From   "Schaffer, Mark E" <[email protected]>
To   <[email protected]>
Subject   st: RE: Re: RE: Fixed-effects, unbalanced panel and time-invariant variable
Date   Thu, 19 Oct 2006 14:24:36 +0100

Barbara, 
 
I think the problem you face comes down to the implication of failing
the Hausman fe-vs.-re test.

The FE estimator uses only the orthogonality conditions that the
regressors are uncorrelated with the idiosyncratic error e_ij.

The RE estimator uses these, plus the orthogonality condition that the
regressors are also uncorrelated with the shared group error u_j.
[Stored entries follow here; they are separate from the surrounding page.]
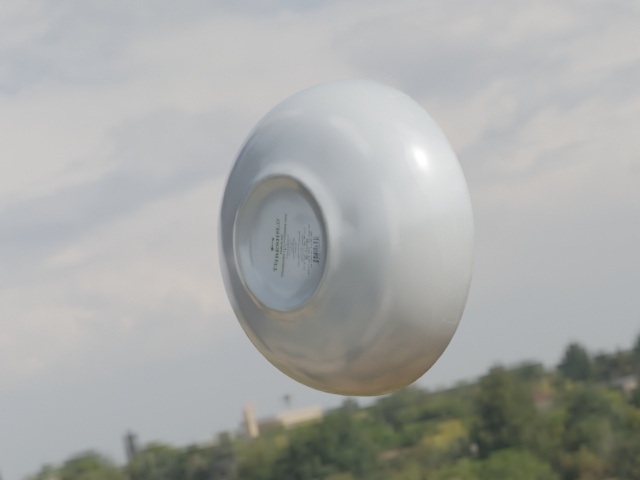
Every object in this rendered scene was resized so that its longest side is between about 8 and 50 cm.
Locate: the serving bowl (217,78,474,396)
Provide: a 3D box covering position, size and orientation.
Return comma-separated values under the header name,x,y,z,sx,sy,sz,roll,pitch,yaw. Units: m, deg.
name,x,y,z,sx,sy,sz,roll,pitch,yaw
serving bowl,0.000,0.000,0.460,0.027,0.083,0.083,-4,-10,-44

The null of the Hausman test is that both sets of orthogonality
conditions are valid.  The usual interpretation of a failure of the
Hausman test is that the regressors are uncorrelated with e_ij
(maintained under the null and alternative) but correlated with u_j
(used by RE).

The FE estimator is able to get consistent estimates for coeffs on
time-varying variables because the within transformation wipes out the
u_j, but of course this also wipes out the time-invariant variables.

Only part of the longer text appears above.